Well, I think for me, one of the things that I find very undervalued and that I’ve also come to enjoy a lot is maintenance. So in that sense, I don’t have any shiny new feature requests except for stability and reliability. I think that very often when something is maintained, a lot of people feel like it stagnates if there is not anything new. But I very much like the idea of ROR being a very reliable, stable service where I don’t have to worry about the integration breaking anytime soon, or if it were to break, that there’s sufficient time to handle it. So in that way, my biggest feature request is stability.

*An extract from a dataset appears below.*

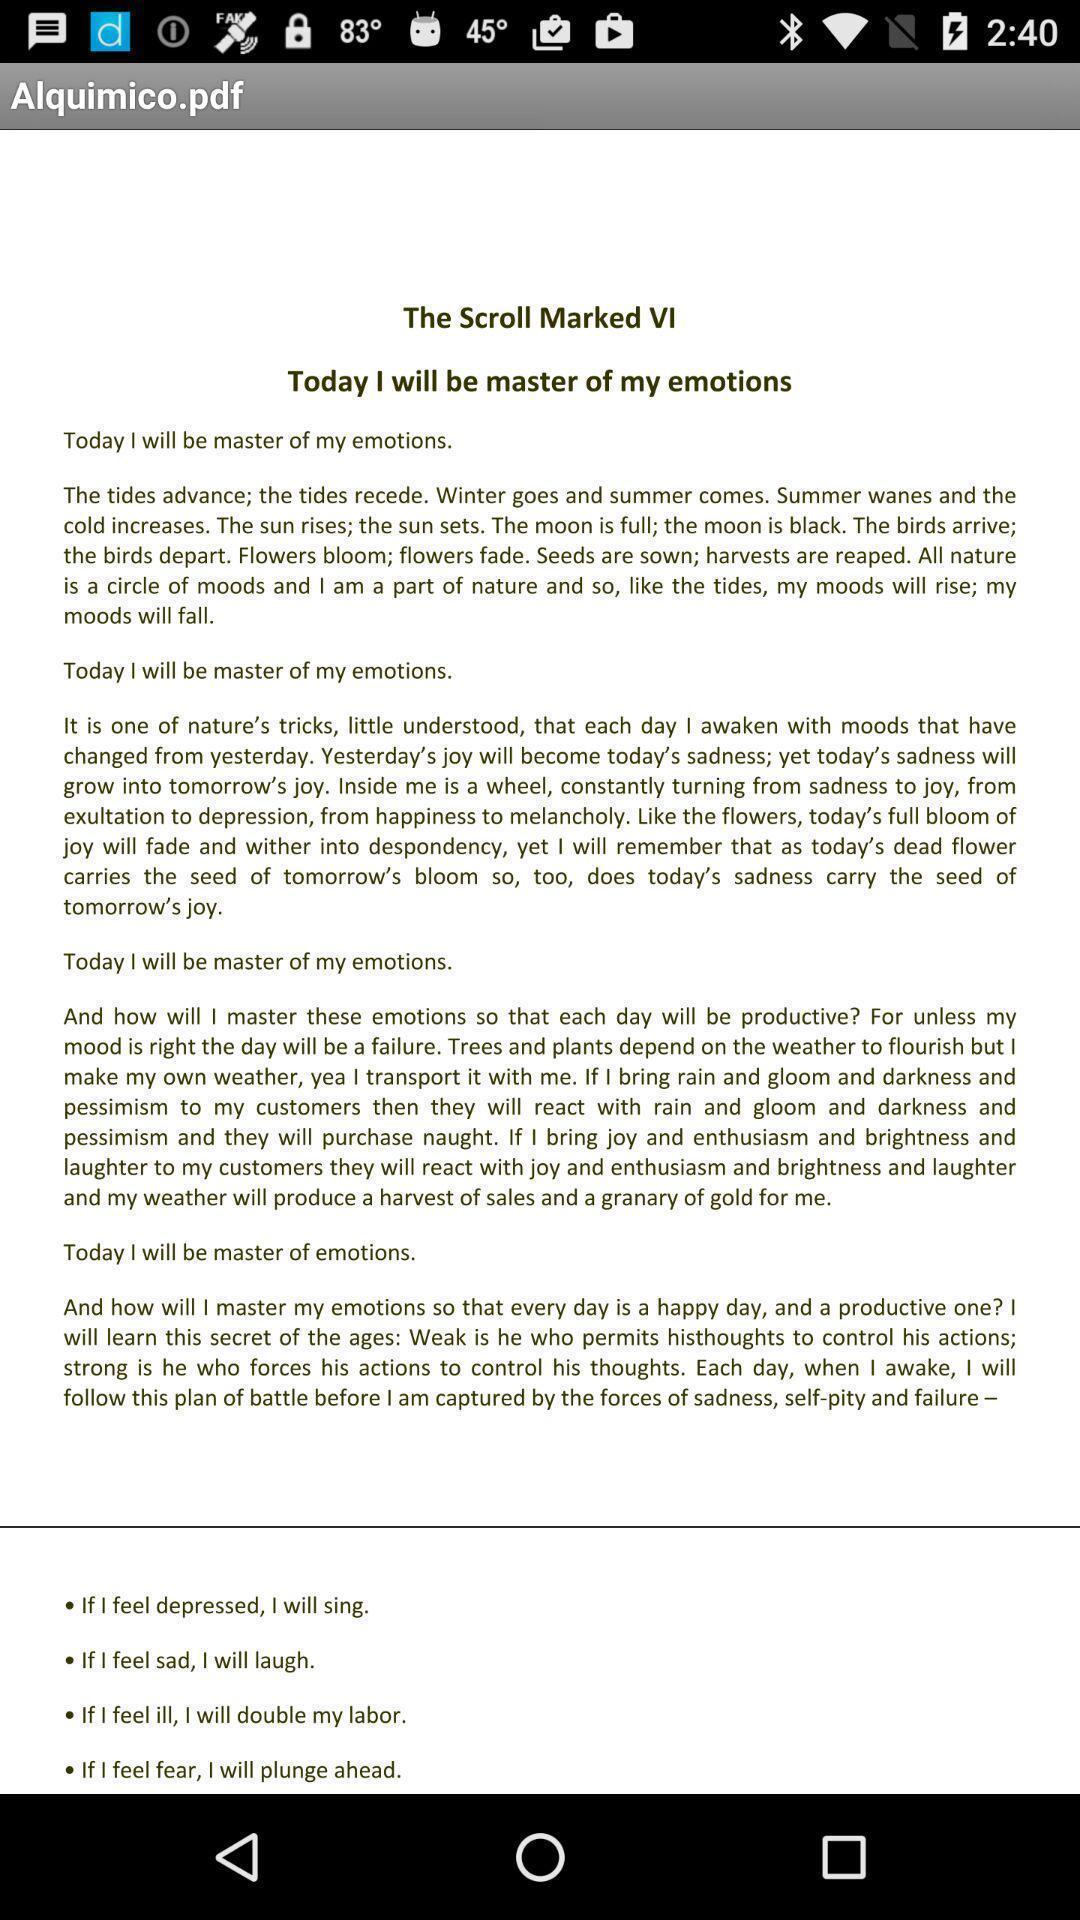Tell me about the visual elements in this screen capture. Page is showing a pdf. 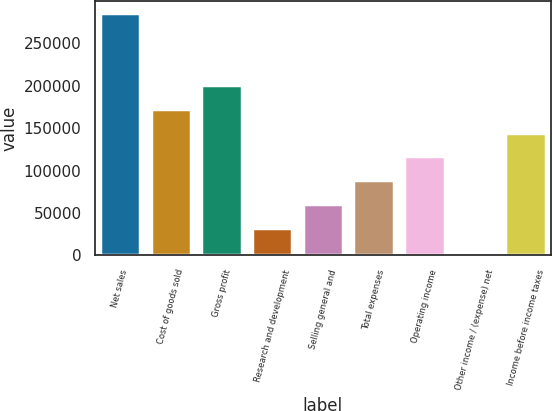<chart> <loc_0><loc_0><loc_500><loc_500><bar_chart><fcel>Net sales<fcel>Cost of goods sold<fcel>Gross profit<fcel>Research and development<fcel>Selling general and<fcel>Total expenses<fcel>Operating income<fcel>Other income / (expense) net<fcel>Income before income taxes<nl><fcel>285362<fcel>173009<fcel>201132<fcel>32262.2<fcel>60384.4<fcel>88506.6<fcel>116765<fcel>4140<fcel>144887<nl></chart>

A nice thing about ROR is that it is living, breathing – with the continual releases, there’s new organizations being added, making it more worthwhile without us doing anything. As the data get richer and the usage gets richer, I think that’s really where the added value is. I’ve seen other infrastructure providers try to create too many projects, which sometimes is a disservice to the core infrastructure. So I think that would be the primary thing. If anything, I guess the ease with which people can submit for community curation or participate in assessing requests is something to continuously evaluate.

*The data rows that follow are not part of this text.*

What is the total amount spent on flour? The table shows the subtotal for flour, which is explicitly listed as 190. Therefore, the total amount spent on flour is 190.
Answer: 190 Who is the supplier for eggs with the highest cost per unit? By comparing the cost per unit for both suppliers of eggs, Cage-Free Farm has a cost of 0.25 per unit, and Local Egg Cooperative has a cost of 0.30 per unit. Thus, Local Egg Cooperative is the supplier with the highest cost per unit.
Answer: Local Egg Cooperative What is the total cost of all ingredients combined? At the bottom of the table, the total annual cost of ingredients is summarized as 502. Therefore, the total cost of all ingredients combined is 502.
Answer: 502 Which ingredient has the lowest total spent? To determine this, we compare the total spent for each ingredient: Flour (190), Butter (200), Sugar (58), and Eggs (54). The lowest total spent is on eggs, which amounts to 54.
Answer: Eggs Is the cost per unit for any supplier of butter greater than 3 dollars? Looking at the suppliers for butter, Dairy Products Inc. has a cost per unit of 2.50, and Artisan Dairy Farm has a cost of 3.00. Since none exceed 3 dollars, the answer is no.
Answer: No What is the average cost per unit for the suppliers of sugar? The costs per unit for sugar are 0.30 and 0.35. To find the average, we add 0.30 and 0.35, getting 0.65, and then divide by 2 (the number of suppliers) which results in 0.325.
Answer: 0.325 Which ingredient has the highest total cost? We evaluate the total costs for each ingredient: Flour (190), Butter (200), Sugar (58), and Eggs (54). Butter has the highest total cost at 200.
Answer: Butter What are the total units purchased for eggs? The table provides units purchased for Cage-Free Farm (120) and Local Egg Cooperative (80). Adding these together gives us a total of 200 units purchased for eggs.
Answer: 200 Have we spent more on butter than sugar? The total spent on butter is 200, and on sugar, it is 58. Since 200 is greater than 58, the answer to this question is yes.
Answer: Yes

Yep. Good feedback. I think one of the issues is that we’re specifically looking for people from Africa and Asia at the moment. I think if we recruited only from the US and Europe, we would get lots and lots of curators, but so much of what we need from our community curators right now is regional expertise. We need to recruit from Africa and Asia so that we can understand the organizations in that area. But yes, I agree, maybe we should work on clearer guidelines about that.
And if there’s anything we can do, if we can add a link out to say, “Hey, are you missing an institution? Go here to add it.” Or, you know, if people are interested to curate, that people can see that, always happy to discuss that. But I can imagine that having only European and North American universities, departments, etcetera, included is going to be really what’s going to be setting ROR apart.
What else would you like to say about ROR? Or about ResearchEquals? Or about Liberate Science?
I think my main thing is I want to have a big festival when you turn five, because it’s a momentous time. You turn five first, and then Liberate Science turns five later next year. So that’s gonna be fun. And to whomever is reading this, if you’re interested in modular publishing, check out ResearchEquals. If it’s too intimidating, we also do cohort trainings where we get a group of people together to just learn over several weeks, in predetermined hour-long slots, where people can also then you know, take the space and just say, okay, that’s when I’m going to learn this. And never outside of it.
“Time-boxing” is the phrase that I’ve heard for that. But for me, time-boxing only works when there’s an external constraint.
That’s the nice thing with live streaming.
Exactly! But that also takes a lot of courage. So maybe some time I will emulate your courage in doing that. Anyway, thank you so much for speaking with us!
Enjoy the rest of your day, and then have a nice rest of your week.